Abstract
Background
Several novel susceptibility loci for type 2 diabetes have been identified through genome-wide association studies (GWAS) for type 2 diabetes or quantitative traits related to glucose metabolism in European populations. To investigate the association of the 13 new European GWAS-derived susceptibility loci with type 2 diabetes in the Japanese population, we conducted a replication study using 3 independent Japanese case-control studies.
Methodology/Principal Findings
We examined the association of single nucleotide polymorphisms (SNPs) within 13 loci (MTNR1B, GCK, IRS1, PROX1, BCL11A, ZBED3, KLF14, TP53INP1, KCNQ1, CENTD2, HMGA2, ZFAND6 and PRC1) with type 2 diabetes using 4,964 participants (2,839 cases and 2,125 controls) from 3 independent Japanese samples. The association of each SNP with type 2 diabetes was analyzed by logistic regression analysis. Further, we performed combined meta-analyses for the 3 studies and previously performed Japanese GWAS data (4,470 cases vs. 3,071 controls). The meta-analysis revealed that rs2943641 in the IRS1 locus was significantly associated with type 2 diabetes, (P = 0.0034, OR = 1.15 95% confidence interval; 1.05–1.26) and 3 SNPs, rs10930963 in the MTNR1B locus, rs972283 in the KLF14 locus, and rs231362 in the KCNQ1 locus, had nominal association with type 2 diabetes in the present Japanese samples (P<0.05).
Conclusions
These results indicate that IRS1 locus may be common locus for type 2 diabetes across different ethnicities.
Introduction
Type 2 diabetes is a chronic metabolic disorder characterized by hyperglycemia, variable degrees of insulin resistance, and impaired insulin secretion. The total number of individuals with diabetes mellitus is estimated to be nearly 300 million worldwide, and its prevalence continues to increase in many countries, including Japan. Although the precise mechanisms underlying the development and progression of type 2 diabetes have not been elucidated, it is considered that genetic factors play an important role in the pathogenesis of the disease [1]

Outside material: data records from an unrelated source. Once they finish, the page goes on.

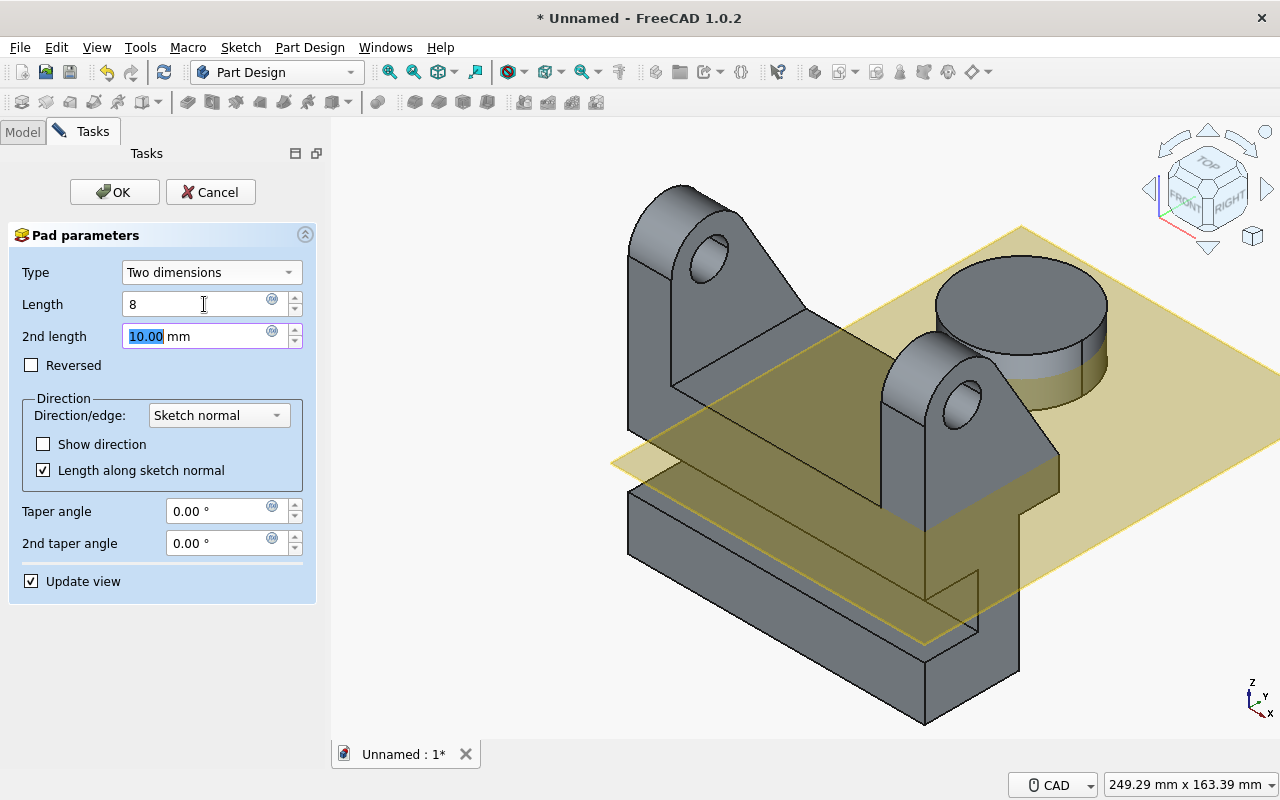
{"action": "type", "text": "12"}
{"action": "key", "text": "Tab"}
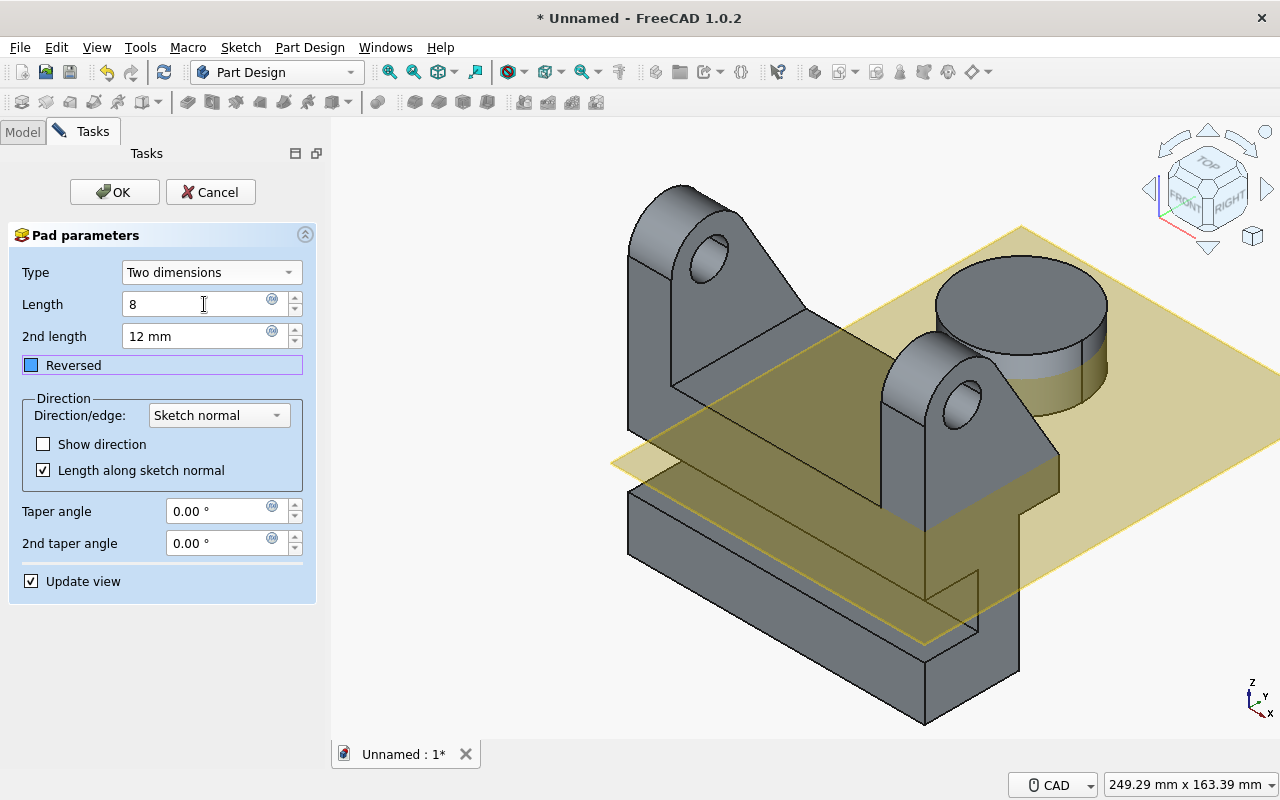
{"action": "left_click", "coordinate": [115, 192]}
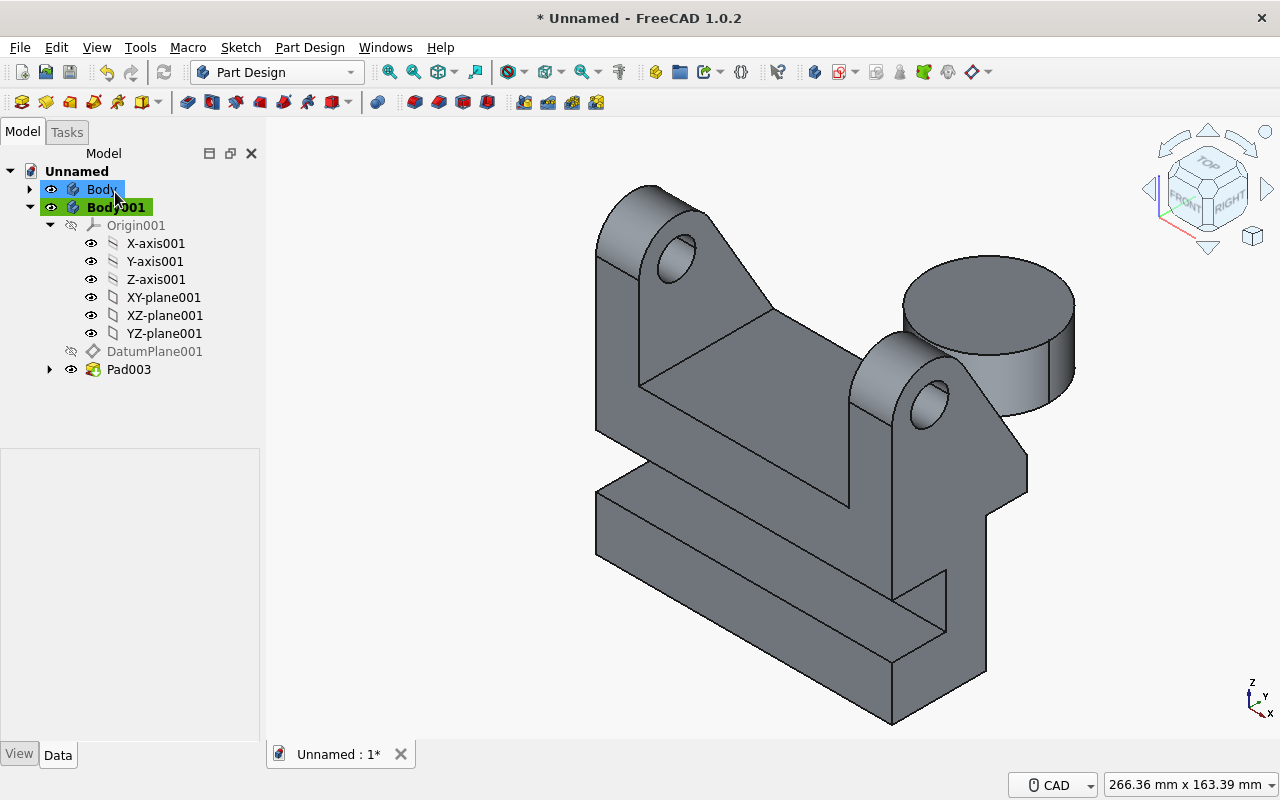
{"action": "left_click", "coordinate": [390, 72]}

Currently, approximately 40 susceptibility loci for type 2 diabetes, mostly discovered through genome-wide association studies (GWAS), have been confirmed in populations of European descent (the Wellcome Trust Case Control Consortium/United Kingdom Type 2 Diabetes Genetics consortium [WTCCC/UKT2D], Diabetes Genetics Initiative [DGI], Finland-US Investigation of NIDDM genetics [FUSION], GWAS performed by deCODE genetics, Diabetes Gene Discovery Group [DGDG] and DIAbetes Genetics Replication and Meta-analysis [DIAGRAM]) [2]–[6]. Three Japanese GWAS including ours, have identified the association of the potassium voltage-gated channel KQT-like subfamily member 1 (KCNQ1) locus, ubiquitin-conjugating enzyme E2E 2 (UBE2E2) locus and C2 calcium-dependent domain containing 4A (C2CD4A)-C2CD4B locus with type 2 diabetes [7]–[9].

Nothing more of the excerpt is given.